Exercise requirements »
Identify every line in the records below that contains the word "Lengths", and copy each of those lines.

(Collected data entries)
= Beginning of Section =

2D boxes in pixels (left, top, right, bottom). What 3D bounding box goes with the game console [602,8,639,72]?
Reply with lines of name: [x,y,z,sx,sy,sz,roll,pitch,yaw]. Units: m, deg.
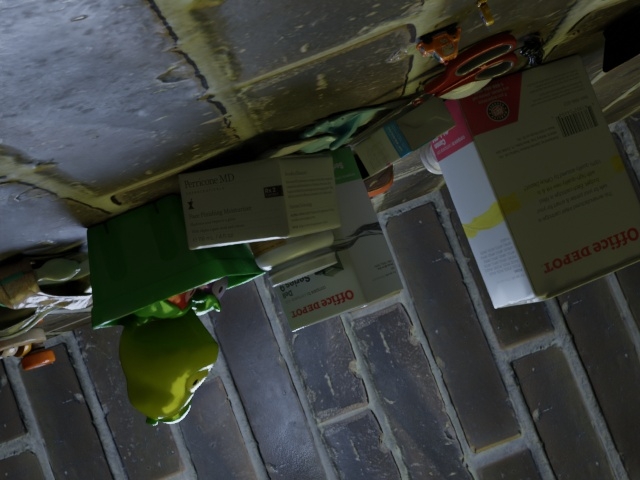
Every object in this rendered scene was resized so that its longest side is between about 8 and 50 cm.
game console: [0.519,-0.333,1.598,0.107,0.071,0.122,-19,176,-27]

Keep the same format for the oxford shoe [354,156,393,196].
oxford shoe: [0.019,-0.115,2.004,0.271,0.097,0.098,-25,157,-9]

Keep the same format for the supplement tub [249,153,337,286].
supplement tub: [-0.062,-0.034,1.704,0.144,0.200,0.144,-20,176,-1]

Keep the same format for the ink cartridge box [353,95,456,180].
ink cartridge box: [0.128,-0.166,1.631,0.104,0.062,0.181,-32,-178,-28]

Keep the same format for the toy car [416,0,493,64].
toy car: [0.159,-0.241,1.175,0.060,0.041,0.122,-20,176,-17]

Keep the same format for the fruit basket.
fruit basket: [-0.248,0.127,1.761,0.283,0.392,0.392,-21,176,9]

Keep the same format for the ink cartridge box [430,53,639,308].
ink cartridge box: [0.389,-0.102,1.783,0.279,0.385,0.160,-19,176,-23]

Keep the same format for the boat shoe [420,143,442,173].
boat shoe: [0.323,-0.222,1.977,0.277,0.098,0.096,-29,179,-20]

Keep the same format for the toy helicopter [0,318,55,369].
toy helicopter: [-0.862,0.290,2.483,0.355,0.140,0.235,-19,175,9]

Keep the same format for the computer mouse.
computer mouse: [0.250,-0.252,1.498,0.193,0.042,0.106,-22,177,9]

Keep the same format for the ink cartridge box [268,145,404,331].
ink cartridge box: [0.000,0.000,1.839,0.211,0.289,0.121,-25,175,41]

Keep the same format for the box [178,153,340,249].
box: [-0.090,-0.061,1.517,0.181,0.119,0.182,-7,-178,27]

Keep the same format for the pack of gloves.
pack of gloves: [0.032,-0.161,1.594,0.232,0.046,0.195,-17,174,-41]

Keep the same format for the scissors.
scissors: [0.151,-0.217,1.436,0.297,0.021,0.109,-23,164,19]

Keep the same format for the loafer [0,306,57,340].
loafer: [-0.572,0.108,1.950,0.251,0.094,0.087,-30,153,-7]

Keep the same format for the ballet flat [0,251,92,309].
ballet flat: [-0.458,0.068,1.776,0.106,0.108,0.316,-30,175,17]
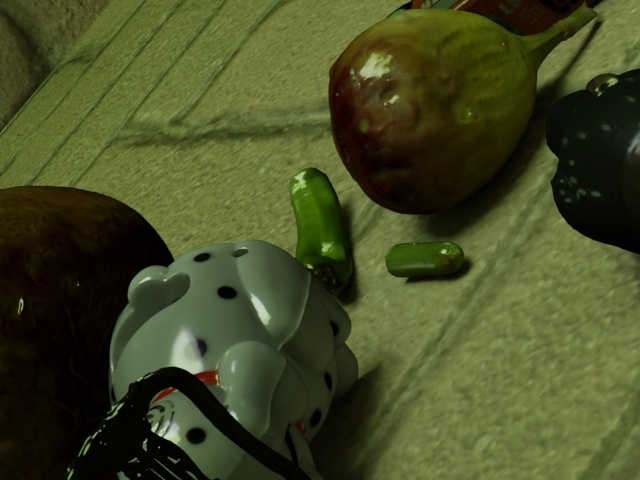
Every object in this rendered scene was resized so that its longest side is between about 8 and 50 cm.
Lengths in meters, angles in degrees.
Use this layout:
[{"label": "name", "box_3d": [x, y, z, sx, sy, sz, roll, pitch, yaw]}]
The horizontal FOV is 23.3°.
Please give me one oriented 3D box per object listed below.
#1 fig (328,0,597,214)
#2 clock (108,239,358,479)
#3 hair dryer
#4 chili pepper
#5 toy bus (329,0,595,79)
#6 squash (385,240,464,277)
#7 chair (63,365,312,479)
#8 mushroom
[{"label": "fig", "box_3d": [0.122, -0.128, 1.237, 0.257, 0.159, 0.159, -33, 16, -19]}, {"label": "clock", "box_3d": [-0.065, 0.130, 1.044, 0.189, 0.189, 0.254, -42, 20, 14]}, {"label": "hair dryer", "box_3d": [0.295, -0.121, 0.962, 0.359, 0.120, 0.304, -34, 8, 6]}, {"label": "chili pepper", "box_3d": [0.000, 0.000, 1.327, 0.202, 0.052, 0.050, -98, 24, -62]}, {"label": "toy bus", "box_3d": [0.178, -0.227, 1.336, 0.409, 0.093, 0.092, -37, 30, 25]}, {"label": "squash", "box_3d": [0.082, 0.014, 1.175, 0.027, 0.027, 0.083, -55, 24, -20]}, {"label": "chair", "box_3d": [-0.015, 0.170, 0.800, 0.106, 0.229, 0.113, -53, 19, -14]}, {"label": "mushroom", "box_3d": [-0.227, 0.111, 1.231, 0.239, 0.345, 0.345, 2, 51, 48]}]
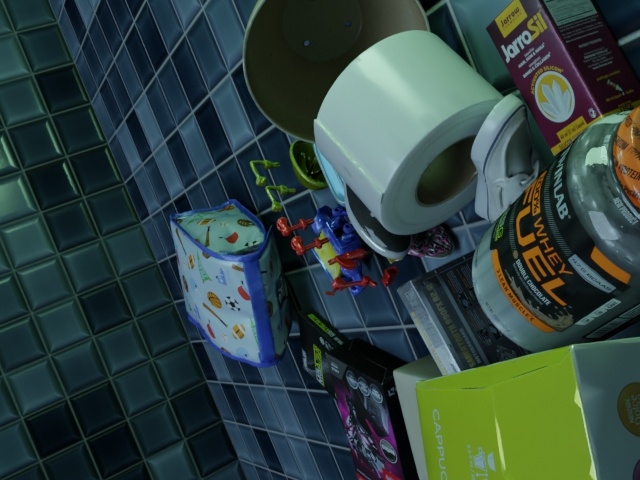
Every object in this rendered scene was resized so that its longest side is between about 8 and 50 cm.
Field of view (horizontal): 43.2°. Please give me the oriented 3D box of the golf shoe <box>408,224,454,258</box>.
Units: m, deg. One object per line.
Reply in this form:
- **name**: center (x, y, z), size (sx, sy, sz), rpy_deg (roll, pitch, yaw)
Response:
- **golf shoe**: center (0.170, -0.008, 1.439), size (0.186, 0.067, 0.086), rpy_deg (25, 171, 44)

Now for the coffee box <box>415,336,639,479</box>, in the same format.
- **coffee box**: center (0.343, 0.292, 0.916), size (0.338, 0.334, 0.338), rpy_deg (144, 121, -64)

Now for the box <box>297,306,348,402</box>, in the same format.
- **box**: center (0.013, 0.286, 1.993), size (0.184, 0.045, 0.191), rpy_deg (35, 140, 44)

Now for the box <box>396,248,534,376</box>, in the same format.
- **box**: center (0.251, 0.134, 1.240), size (0.231, 0.183, 0.056), rpy_deg (61, 154, 10)

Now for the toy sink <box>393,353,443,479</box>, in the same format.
- **toy sink**: center (0.250, 0.333, 1.471), size (0.153, 0.131, 0.234), rpy_deg (-1, 105, 63)

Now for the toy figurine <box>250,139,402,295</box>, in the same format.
- **toy figurine**: center (0.000, 0.000, 1.631), size (0.362, 0.191, 0.217), rpy_deg (56, 157, 25)

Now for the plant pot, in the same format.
- **plant pot**: center (0.015, -0.320, 1.274), size (0.191, 0.284, 0.284), rpy_deg (-103, 7, -57)

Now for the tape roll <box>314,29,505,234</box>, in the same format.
- **tape roll**: center (0.137, -0.151, 1.156), size (0.169, 0.246, 0.246), rpy_deg (51, 150, 29)

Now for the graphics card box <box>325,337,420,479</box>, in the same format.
- **graphics card box**: center (0.142, 0.422, 1.799), size (0.233, 0.094, 0.371), rpy_deg (20, 128, 57)

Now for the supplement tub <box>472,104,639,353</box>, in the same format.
- **supplement tub**: center (0.332, -0.008, 0.934), size (0.207, 0.207, 0.338), rpy_deg (59, 153, 16)

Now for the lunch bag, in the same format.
- **lunch bag**: center (-0.211, 0.108, 2.068), size (0.385, 0.238, 0.328), rpy_deg (37, 140, 58)

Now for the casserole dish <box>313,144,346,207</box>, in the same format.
- **casserole dish**: center (0.048, -0.144, 1.513), size (0.114, 0.037, 0.188), rpy_deg (-27, 85, 33)

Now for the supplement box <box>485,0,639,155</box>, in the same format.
- **supplement box**: center (0.296, -0.214, 0.980), size (0.188, 0.080, 0.104), rpy_deg (64, 155, 7)

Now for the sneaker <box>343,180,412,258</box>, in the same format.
- **sneaker**: center (0.101, -0.122, 1.364), size (0.147, 0.104, 0.296), rpy_deg (119, 140, -62)

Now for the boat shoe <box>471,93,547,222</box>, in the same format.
- **boat shoe**: center (0.262, -0.090, 1.092), size (0.088, 0.096, 0.267), rpy_deg (36, 159, 25)
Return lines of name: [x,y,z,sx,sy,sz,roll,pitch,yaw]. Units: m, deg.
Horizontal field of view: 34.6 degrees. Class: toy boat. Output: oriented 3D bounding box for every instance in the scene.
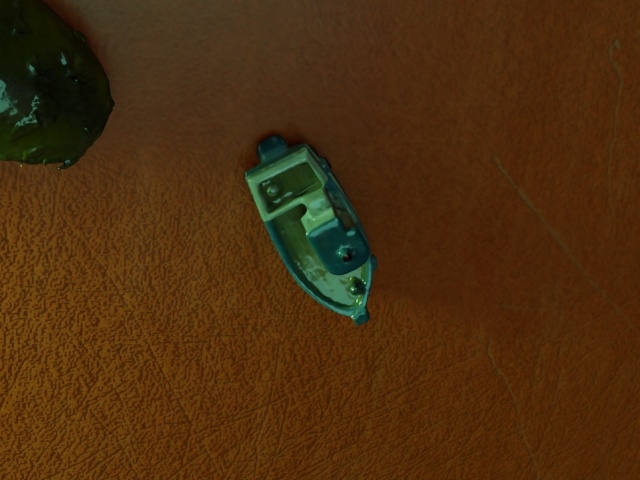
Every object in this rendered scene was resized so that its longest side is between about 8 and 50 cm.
toy boat: [0.000,0.000,1.024,0.088,0.102,0.215,-26,120,2]

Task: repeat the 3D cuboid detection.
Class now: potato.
potato: [-0.290,-0.151,0.857,0.251,0.113,0.149,34,80,-30]
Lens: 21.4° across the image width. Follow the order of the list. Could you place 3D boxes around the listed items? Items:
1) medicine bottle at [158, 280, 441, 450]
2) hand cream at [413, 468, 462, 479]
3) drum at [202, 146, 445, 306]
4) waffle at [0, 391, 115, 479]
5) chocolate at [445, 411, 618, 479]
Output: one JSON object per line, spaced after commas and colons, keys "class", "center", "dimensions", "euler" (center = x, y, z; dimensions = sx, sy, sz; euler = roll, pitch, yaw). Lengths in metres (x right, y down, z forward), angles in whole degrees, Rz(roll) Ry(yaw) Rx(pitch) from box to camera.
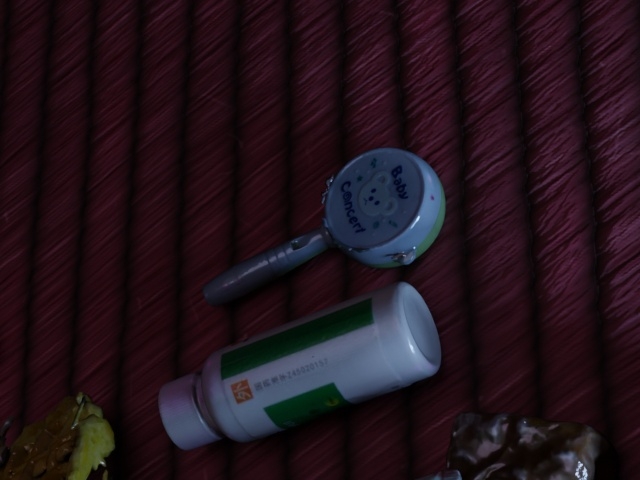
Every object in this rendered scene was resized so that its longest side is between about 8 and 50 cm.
{"class": "medicine bottle", "center": [-0.022, 0.121, 1.549], "dimensions": [0.260, 0.095, 0.095], "euler": [-20, 58, 19]}
{"class": "hand cream", "center": [-0.017, 0.287, 1.444], "dimensions": [0.340, 0.077, 0.124], "euler": [-20, 52, 34]}
{"class": "drum", "center": [0.000, -0.019, 1.631], "dimensions": [0.253, 0.049, 0.130], "euler": [-13, 62, 24]}
{"class": "waffle", "center": [-0.287, 0.273, 1.592], "dimensions": [0.280, 0.060, 0.262], "euler": [-51, 26, -2]}
{"class": "chocolate", "center": [0.154, 0.251, 1.386], "dimensions": [0.148, 0.093, 0.214], "euler": [2, 68, 32]}
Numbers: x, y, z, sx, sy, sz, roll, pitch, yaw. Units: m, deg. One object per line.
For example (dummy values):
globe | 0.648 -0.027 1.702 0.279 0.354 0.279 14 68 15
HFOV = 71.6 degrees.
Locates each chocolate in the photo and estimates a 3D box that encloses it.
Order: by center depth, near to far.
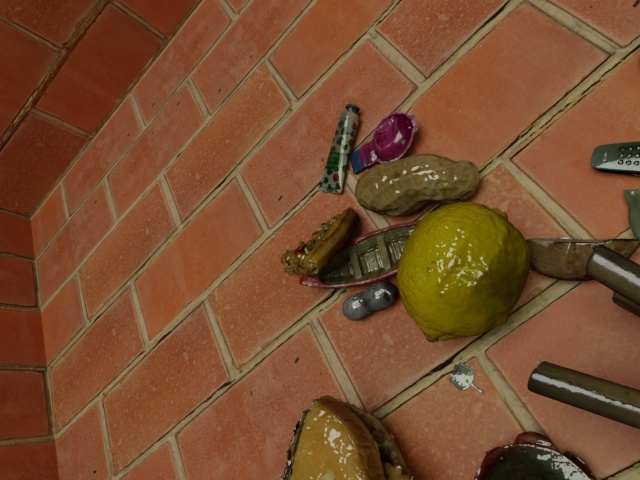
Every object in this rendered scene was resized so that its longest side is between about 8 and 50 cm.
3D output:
chocolate | 0.130 0.158 1.157 0.167 0.072 0.072 -32 59 26

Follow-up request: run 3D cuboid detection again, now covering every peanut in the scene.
peanut | 0.238 -0.141 1.138 0.326 0.140 0.153 -2 92 30

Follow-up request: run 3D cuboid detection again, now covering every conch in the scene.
conch | 0.650 -0.034 0.853 0.088 0.065 0.180 -25 56 28

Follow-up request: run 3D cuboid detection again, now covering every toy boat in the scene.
toy boat | 0.121 0.057 1.190 0.393 0.079 0.136 -23 65 27

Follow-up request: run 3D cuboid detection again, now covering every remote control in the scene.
remote control | 0.674 -0.164 0.892 0.222 0.042 0.072 8 80 36

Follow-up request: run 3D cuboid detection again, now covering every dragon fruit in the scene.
dragon fruit | 0.408 0.514 0.813 0.269 0.130 0.294 -23 62 22

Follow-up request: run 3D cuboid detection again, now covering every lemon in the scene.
lemon | 0.295 0.068 0.947 0.268 0.268 0.321 22 83 38

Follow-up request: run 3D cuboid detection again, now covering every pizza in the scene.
pizza | 0.000 0.000 1.260 0.251 0.074 0.288 -43 13 -21

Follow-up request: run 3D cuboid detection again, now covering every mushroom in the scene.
mushroom | 0.526 0.036 0.912 0.210 0.072 0.094 3 104 37

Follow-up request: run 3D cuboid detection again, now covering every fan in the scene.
fan | 0.332 0.317 1.001 0.083 0.004 0.055 33 94 38

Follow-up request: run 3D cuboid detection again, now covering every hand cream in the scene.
hand cream | 0.063 -0.280 1.359 0.096 0.059 0.275 14 88 40

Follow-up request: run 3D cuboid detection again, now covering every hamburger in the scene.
hamburger | 0.077 0.585 0.929 0.287 0.268 0.444 6 74 38

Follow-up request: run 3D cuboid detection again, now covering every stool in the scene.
stool | 0.539 0.195 0.721 0.226 0.310 0.310 28 92 47

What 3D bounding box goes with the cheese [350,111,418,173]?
cheese | 0.179 -0.274 1.269 0.244 0.062 0.154 -31 56 39
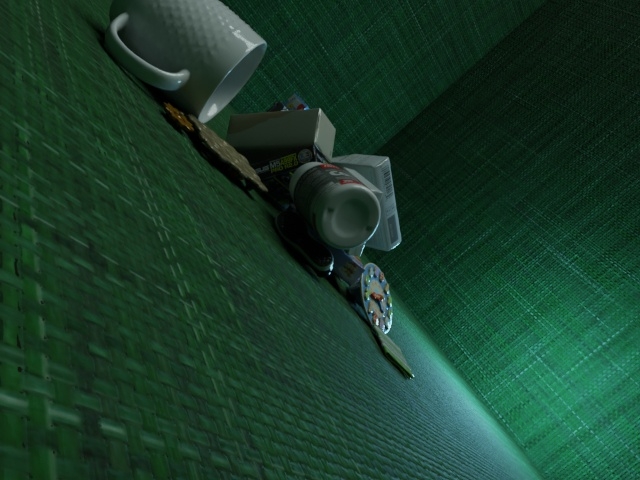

= End of Section =

Output »
Lengths in meters, angles in degrees.
Output: one JSON object per line, spaced after commas and colons, keys "class", "center", "dimensions", "euler" (center = x, y, z; dimensions = sx, sy, sz; euler = roll, pitch, yaw). Lengths in metres (x right, y down, z forward), angles in whole degrees, Rz(roll) Ry(yaw) Rx(pitch) from box to camera.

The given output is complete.